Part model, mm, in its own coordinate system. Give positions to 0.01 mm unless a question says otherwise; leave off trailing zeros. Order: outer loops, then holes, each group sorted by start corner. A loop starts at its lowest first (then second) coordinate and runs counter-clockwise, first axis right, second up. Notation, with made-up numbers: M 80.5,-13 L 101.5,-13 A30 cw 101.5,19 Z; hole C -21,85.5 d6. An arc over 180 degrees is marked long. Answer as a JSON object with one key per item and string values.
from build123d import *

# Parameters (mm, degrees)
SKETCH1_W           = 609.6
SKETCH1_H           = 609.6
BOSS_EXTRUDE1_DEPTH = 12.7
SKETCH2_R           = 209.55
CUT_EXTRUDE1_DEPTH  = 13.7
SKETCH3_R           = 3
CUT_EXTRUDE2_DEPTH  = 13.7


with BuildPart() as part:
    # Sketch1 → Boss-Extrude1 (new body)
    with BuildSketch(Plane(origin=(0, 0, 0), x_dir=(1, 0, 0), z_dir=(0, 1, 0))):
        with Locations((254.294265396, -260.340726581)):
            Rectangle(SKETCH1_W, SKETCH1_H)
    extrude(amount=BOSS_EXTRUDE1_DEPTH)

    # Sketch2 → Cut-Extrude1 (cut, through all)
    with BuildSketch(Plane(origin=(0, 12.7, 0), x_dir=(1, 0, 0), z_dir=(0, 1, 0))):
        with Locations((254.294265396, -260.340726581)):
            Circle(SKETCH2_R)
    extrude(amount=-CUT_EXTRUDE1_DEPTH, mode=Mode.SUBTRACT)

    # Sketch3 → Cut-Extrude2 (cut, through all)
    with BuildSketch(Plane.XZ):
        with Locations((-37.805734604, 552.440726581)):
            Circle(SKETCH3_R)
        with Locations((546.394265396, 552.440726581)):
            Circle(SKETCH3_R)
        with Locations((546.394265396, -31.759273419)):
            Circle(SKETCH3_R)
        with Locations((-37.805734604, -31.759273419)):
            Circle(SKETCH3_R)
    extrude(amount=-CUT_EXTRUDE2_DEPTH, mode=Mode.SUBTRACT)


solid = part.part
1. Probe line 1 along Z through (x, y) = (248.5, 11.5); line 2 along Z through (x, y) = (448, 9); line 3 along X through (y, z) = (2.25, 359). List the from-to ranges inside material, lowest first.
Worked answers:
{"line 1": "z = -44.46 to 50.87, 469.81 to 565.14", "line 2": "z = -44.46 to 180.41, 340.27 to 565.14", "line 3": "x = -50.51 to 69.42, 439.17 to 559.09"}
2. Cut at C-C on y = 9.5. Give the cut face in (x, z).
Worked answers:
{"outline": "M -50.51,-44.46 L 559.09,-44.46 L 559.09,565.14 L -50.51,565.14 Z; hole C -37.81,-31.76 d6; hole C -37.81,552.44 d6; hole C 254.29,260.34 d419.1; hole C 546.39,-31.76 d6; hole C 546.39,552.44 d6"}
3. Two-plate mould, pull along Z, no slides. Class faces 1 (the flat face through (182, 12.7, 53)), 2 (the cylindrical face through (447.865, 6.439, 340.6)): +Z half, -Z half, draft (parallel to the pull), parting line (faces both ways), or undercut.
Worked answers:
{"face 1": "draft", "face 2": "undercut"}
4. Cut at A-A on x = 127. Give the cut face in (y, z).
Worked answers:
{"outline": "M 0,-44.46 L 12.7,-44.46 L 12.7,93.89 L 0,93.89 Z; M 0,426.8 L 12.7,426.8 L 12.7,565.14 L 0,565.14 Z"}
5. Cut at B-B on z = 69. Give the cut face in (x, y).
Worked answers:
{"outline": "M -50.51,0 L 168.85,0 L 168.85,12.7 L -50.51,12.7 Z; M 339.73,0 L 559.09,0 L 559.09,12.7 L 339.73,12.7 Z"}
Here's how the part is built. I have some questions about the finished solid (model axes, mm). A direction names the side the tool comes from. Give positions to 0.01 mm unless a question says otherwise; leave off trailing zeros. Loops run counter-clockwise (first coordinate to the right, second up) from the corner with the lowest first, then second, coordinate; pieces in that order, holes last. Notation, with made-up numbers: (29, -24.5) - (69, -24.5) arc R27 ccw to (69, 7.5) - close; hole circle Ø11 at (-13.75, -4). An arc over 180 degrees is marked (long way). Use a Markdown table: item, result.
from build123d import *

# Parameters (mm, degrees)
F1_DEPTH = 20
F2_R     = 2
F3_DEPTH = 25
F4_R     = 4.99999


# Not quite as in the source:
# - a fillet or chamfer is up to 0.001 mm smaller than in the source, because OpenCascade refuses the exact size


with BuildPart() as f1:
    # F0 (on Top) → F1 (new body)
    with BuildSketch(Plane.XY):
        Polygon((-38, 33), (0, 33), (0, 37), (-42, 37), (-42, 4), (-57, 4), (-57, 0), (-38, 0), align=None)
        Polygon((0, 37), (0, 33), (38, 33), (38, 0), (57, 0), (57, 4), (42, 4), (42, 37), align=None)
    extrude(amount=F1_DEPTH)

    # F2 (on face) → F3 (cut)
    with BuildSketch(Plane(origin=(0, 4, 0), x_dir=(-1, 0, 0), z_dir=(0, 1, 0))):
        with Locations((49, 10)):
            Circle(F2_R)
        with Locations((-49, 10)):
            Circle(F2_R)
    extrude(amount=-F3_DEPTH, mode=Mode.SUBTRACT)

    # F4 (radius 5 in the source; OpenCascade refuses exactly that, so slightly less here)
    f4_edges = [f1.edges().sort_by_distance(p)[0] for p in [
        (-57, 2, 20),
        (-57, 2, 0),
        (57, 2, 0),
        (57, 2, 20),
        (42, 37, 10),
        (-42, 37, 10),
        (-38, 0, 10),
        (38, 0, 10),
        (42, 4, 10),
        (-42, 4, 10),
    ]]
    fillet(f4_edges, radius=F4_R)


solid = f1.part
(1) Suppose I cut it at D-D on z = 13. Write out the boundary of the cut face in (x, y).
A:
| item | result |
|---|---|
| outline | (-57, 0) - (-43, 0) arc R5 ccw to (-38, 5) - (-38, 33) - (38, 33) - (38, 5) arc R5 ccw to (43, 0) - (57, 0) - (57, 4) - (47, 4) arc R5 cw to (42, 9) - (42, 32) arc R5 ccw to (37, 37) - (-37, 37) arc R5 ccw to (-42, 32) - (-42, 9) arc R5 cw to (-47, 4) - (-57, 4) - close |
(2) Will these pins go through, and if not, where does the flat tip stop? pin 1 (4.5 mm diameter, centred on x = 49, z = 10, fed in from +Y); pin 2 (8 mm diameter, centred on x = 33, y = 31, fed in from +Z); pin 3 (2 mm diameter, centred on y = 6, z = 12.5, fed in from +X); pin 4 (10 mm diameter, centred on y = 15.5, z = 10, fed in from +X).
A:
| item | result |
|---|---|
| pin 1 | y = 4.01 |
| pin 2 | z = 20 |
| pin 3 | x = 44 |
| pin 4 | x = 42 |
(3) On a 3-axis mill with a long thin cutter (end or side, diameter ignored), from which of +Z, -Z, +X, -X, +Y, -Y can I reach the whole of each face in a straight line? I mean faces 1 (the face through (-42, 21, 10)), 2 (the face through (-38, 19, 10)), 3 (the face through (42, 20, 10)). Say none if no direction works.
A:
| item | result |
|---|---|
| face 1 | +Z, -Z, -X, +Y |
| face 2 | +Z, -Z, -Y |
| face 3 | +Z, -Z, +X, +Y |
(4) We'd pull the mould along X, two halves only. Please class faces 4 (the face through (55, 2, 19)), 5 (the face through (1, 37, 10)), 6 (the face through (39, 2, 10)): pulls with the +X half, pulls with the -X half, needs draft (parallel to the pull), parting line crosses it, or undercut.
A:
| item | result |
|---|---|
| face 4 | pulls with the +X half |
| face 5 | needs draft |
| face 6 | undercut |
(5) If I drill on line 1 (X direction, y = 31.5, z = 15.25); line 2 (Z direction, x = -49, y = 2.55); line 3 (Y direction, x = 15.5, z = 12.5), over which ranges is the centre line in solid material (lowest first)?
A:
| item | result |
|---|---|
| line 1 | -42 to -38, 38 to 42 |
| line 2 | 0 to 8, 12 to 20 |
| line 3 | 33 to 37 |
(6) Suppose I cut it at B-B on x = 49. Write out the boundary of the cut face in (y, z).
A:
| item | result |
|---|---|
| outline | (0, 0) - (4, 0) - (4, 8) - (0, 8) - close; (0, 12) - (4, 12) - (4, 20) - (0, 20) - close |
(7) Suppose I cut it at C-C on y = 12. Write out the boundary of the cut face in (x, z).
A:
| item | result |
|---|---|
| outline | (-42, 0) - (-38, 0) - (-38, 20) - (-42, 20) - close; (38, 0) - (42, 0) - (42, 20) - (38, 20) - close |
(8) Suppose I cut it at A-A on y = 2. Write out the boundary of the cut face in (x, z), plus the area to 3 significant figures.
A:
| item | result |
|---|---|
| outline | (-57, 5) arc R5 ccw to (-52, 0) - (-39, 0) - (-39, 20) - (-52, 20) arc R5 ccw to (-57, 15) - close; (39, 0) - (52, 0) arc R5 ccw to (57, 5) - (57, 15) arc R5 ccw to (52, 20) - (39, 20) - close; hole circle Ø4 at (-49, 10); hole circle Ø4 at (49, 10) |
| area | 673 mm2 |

____________

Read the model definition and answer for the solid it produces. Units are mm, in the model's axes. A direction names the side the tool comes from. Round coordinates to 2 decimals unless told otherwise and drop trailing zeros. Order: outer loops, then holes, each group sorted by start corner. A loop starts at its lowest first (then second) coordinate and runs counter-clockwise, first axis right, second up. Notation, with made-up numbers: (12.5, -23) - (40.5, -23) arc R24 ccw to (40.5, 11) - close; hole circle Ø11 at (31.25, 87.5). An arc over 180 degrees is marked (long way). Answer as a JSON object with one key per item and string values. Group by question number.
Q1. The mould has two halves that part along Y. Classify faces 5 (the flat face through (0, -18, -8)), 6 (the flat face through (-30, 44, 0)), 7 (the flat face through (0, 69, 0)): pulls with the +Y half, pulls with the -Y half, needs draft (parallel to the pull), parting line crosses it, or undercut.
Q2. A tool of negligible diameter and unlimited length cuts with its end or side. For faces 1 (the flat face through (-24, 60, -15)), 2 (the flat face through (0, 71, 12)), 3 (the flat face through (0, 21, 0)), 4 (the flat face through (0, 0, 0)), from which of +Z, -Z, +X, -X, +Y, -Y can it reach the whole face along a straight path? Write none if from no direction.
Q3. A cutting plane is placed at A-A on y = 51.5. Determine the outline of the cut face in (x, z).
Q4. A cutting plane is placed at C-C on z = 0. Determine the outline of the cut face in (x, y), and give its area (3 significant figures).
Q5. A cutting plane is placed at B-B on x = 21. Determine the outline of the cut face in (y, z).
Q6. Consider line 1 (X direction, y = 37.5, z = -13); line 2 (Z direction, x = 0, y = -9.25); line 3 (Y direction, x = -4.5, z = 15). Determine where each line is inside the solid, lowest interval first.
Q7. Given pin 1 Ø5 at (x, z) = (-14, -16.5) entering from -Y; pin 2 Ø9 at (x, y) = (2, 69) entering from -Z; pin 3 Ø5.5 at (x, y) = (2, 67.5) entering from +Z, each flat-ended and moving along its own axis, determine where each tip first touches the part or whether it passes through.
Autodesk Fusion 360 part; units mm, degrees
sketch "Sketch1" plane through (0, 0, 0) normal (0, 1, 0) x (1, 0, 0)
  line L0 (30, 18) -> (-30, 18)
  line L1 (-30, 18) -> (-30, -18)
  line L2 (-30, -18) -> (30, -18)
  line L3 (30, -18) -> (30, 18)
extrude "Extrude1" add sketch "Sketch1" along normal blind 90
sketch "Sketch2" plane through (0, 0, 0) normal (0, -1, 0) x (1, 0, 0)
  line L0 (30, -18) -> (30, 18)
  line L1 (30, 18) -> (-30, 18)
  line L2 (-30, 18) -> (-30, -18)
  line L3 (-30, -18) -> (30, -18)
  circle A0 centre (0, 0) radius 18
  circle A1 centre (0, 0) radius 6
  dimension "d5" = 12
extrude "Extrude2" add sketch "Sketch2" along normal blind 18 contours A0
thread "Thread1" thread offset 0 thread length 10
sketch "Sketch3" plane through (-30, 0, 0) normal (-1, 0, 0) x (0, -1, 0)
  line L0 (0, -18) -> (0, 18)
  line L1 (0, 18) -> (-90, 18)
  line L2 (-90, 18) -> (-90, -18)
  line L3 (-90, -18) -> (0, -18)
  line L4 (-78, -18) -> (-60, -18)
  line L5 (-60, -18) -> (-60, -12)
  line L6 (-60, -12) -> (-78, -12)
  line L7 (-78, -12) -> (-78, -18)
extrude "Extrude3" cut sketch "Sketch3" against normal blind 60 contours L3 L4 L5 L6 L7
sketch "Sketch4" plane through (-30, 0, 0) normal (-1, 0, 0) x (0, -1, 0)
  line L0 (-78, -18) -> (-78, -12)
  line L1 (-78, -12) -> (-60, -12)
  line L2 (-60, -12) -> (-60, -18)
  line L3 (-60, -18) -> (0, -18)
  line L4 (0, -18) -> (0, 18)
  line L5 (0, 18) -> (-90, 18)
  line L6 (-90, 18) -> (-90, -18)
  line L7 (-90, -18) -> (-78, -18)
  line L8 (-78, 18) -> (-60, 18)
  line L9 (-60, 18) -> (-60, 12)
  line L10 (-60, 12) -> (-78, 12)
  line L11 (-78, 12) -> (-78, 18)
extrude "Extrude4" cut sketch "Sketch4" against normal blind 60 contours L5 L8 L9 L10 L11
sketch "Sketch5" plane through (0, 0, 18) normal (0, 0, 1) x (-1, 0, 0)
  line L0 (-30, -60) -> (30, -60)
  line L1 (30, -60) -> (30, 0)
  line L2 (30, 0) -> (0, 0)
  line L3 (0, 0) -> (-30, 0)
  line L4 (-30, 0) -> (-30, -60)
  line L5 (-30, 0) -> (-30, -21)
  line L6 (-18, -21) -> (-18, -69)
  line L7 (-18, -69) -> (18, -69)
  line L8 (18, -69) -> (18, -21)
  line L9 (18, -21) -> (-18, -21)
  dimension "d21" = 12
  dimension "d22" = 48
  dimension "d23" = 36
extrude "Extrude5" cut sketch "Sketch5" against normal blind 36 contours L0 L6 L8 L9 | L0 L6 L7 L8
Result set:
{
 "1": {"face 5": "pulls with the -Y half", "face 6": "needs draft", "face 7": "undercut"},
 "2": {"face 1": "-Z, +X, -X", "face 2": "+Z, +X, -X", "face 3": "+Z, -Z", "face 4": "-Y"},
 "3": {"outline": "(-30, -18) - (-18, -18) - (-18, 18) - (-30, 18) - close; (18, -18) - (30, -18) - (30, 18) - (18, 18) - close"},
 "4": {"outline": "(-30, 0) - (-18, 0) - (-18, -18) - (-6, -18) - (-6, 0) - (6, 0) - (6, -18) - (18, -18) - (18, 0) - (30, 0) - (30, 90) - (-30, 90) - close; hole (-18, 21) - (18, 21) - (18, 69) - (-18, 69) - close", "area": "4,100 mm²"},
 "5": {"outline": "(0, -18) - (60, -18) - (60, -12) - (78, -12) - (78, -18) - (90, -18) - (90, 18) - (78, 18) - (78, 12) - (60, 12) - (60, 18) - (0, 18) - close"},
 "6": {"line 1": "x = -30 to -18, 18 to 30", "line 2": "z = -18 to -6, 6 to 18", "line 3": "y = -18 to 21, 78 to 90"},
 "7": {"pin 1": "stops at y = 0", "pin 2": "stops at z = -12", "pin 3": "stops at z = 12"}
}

____________

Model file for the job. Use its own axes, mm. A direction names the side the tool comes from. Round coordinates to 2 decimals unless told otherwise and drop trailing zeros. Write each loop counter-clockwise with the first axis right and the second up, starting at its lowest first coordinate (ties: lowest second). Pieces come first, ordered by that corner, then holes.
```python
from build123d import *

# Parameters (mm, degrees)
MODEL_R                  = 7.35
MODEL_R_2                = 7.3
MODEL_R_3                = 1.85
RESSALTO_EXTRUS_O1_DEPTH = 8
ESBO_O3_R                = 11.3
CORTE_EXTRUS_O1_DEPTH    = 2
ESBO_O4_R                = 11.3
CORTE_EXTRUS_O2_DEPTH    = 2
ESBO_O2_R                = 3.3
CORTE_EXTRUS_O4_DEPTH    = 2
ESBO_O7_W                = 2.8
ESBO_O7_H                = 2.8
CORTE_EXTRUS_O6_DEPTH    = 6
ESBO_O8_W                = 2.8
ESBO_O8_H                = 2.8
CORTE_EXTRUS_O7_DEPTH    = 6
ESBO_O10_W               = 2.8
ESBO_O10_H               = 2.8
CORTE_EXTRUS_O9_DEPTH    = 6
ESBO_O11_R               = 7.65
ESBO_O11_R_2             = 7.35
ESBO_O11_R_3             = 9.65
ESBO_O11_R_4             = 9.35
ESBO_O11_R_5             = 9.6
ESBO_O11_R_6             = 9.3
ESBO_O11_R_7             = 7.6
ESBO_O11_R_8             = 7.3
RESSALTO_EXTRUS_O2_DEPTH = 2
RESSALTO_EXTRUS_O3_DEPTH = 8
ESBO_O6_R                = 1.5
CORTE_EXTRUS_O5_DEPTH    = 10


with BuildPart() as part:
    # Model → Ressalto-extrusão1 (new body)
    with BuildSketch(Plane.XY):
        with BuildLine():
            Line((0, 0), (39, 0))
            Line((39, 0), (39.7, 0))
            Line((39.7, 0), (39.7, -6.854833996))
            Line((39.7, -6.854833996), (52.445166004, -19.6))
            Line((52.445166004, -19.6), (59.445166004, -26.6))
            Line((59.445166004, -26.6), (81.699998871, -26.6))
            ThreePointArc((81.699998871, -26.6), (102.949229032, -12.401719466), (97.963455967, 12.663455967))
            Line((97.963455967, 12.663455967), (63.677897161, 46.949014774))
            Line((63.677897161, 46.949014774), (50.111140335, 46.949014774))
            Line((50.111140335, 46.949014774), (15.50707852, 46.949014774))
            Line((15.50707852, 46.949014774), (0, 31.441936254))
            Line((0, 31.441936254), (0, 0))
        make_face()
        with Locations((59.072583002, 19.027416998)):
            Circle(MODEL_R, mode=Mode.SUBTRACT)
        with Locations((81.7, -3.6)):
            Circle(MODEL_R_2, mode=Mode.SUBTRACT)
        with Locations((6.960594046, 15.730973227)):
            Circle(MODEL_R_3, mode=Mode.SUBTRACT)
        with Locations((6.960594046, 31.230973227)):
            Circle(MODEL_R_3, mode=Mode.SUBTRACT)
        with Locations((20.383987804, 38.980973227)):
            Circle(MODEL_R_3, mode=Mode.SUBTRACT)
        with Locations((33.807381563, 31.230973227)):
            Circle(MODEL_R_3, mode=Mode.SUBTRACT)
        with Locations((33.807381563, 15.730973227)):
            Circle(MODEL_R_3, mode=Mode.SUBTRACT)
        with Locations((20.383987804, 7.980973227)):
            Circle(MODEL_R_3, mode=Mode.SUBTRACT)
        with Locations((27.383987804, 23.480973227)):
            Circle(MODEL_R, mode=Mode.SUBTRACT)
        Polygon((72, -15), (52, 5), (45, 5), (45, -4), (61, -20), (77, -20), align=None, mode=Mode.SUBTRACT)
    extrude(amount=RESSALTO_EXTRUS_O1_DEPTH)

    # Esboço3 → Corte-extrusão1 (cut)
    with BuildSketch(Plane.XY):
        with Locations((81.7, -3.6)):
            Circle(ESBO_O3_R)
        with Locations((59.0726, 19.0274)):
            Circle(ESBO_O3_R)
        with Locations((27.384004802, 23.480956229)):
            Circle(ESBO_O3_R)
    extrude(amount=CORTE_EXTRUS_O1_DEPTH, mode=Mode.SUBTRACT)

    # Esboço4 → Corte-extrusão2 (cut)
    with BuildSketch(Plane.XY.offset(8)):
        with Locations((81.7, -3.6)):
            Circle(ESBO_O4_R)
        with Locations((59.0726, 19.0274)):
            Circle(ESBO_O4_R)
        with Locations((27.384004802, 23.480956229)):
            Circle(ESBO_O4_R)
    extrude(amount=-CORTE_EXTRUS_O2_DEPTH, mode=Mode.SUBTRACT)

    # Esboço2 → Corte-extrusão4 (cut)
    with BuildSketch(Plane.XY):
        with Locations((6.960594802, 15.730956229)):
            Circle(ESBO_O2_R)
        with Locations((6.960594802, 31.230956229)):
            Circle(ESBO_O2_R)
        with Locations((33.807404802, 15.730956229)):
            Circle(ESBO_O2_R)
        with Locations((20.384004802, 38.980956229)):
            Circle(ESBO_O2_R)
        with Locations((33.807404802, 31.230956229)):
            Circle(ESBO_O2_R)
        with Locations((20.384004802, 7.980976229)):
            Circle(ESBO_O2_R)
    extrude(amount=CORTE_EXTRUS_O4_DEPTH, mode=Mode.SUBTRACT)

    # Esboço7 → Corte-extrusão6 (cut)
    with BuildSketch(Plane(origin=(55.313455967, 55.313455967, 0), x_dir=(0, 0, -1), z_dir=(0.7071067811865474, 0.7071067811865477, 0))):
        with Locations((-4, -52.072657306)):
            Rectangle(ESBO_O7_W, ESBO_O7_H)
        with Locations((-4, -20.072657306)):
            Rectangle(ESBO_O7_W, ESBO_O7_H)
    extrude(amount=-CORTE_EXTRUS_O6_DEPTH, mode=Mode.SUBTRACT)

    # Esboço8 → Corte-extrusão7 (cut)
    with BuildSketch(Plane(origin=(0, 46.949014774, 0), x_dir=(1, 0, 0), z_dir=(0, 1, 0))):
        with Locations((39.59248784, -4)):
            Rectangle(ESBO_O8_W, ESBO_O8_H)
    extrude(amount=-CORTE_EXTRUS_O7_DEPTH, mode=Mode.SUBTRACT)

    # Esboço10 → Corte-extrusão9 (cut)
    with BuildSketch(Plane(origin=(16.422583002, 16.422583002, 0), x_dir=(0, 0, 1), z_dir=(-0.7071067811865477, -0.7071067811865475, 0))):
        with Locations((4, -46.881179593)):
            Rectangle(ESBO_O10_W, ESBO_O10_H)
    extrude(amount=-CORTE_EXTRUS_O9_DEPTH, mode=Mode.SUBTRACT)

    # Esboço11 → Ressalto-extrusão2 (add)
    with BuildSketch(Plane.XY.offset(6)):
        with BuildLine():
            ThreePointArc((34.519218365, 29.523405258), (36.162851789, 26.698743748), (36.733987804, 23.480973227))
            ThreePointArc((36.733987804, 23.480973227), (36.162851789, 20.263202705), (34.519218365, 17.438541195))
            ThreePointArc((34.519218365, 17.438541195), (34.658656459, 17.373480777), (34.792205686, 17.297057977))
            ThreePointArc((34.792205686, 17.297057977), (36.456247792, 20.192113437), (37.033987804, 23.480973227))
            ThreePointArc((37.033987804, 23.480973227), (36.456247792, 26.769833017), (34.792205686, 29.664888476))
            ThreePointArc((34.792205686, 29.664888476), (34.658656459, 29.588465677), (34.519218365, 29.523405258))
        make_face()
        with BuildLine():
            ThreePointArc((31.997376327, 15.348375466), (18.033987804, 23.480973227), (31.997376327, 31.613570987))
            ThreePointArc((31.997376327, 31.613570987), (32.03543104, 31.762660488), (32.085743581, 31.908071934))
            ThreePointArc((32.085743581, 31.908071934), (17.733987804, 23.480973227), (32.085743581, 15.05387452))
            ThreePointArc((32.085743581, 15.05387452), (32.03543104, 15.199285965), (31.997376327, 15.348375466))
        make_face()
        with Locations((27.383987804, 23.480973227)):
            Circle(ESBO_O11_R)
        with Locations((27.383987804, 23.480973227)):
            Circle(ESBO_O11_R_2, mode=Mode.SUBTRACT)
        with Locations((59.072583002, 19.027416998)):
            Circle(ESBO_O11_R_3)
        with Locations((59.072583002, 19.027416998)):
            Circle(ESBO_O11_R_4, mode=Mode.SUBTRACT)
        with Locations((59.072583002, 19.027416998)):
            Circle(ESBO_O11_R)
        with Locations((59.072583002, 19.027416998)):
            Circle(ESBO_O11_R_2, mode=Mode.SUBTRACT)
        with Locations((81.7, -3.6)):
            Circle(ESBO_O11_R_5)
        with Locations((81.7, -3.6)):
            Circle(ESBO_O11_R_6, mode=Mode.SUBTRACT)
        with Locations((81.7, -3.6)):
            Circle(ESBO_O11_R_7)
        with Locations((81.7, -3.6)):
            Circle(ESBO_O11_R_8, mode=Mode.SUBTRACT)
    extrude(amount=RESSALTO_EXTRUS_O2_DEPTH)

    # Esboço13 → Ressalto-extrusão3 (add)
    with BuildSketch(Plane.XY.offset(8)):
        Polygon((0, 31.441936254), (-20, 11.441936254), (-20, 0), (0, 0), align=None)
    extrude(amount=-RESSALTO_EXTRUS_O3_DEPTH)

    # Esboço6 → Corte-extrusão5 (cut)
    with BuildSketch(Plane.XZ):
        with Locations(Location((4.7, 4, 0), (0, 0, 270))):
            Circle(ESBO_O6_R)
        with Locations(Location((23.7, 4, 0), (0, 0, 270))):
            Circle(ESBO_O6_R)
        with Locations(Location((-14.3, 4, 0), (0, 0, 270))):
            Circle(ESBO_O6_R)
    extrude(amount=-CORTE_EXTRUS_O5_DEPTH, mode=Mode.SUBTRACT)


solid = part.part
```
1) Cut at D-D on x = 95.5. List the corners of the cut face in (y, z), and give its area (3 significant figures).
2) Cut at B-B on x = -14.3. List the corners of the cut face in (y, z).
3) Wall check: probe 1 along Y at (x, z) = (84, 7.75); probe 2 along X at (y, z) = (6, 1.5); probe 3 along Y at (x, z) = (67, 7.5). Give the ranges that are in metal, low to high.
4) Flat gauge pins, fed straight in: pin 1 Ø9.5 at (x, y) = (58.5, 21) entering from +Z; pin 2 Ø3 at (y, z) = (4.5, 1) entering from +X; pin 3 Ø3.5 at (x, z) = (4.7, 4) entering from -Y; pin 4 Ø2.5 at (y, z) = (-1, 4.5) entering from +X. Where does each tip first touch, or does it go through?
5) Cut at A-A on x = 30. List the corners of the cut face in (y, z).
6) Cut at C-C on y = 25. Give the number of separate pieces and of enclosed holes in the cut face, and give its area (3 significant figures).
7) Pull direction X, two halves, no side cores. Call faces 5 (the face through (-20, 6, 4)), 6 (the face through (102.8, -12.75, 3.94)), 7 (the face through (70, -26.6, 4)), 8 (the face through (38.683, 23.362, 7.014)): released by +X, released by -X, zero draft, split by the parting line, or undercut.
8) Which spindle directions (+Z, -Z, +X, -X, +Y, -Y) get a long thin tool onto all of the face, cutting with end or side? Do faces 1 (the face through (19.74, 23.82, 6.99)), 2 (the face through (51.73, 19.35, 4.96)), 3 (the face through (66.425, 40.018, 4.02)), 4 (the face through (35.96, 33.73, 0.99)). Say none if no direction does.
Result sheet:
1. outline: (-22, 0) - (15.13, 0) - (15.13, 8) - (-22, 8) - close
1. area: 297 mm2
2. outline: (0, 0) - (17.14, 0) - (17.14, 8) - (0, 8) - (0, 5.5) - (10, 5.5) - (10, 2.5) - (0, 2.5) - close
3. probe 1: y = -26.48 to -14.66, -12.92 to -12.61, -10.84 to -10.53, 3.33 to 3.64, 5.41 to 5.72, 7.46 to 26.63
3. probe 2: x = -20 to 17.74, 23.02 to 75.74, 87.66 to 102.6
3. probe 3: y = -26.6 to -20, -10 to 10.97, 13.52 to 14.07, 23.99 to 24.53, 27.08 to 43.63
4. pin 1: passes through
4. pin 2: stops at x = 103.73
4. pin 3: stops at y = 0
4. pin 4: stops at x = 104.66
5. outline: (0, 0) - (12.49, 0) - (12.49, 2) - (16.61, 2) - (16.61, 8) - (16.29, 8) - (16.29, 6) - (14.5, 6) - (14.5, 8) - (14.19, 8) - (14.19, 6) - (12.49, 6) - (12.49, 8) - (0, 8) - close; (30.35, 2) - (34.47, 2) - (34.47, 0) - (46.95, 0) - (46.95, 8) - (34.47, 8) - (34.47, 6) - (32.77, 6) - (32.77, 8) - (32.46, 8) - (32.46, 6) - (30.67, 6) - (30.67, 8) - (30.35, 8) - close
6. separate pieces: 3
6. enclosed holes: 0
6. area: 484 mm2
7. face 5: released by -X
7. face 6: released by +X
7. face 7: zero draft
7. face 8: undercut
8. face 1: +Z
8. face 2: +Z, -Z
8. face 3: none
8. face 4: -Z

____________

From the entries above, return exactly the line containing "4. pin 1: passes through", the line containing "8. face 4: -Z", and all lines between, and nothing else.

◆ REPLY TO THE EXERCISE
4. pin 1: passes through
4. pin 2: stops at x = 103.73
4. pin 3: stops at y = 0
4. pin 4: stops at x = 104.66
5. outline: (0, 0) - (12.49, 0) - (12.49, 2) - (16.61, 2) - (16.61, 8) - (16.29, 8) - (16.29, 6) - (14.5, 6) - (14.5, 8) - (14.19, 8) - (14.19, 6) - (12.49, 6) - (12.49, 8) - (0, 8) - close; (30.35, 2) - (34.47, 2) - (34.47, 0) - (46.95, 0) - (46.95, 8) - (34.47, 8) - (34.47, 6) - (32.77, 6) - (32.77, 8) - (32.46, 8) - (32.46, 6) - (30.67, 6) - (30.67, 8) - (30.35, 8) - close
6. separate pieces: 3
6. enclosed holes: 0
6. area: 484 mm2
7. face 5: released by -X
7. face 6: released by +X
7. face 7: zero draft
7. face 8: undercut
8. face 1: +Z
8. face 2: +Z, -Z
8. face 3: none
8. face 4: -Z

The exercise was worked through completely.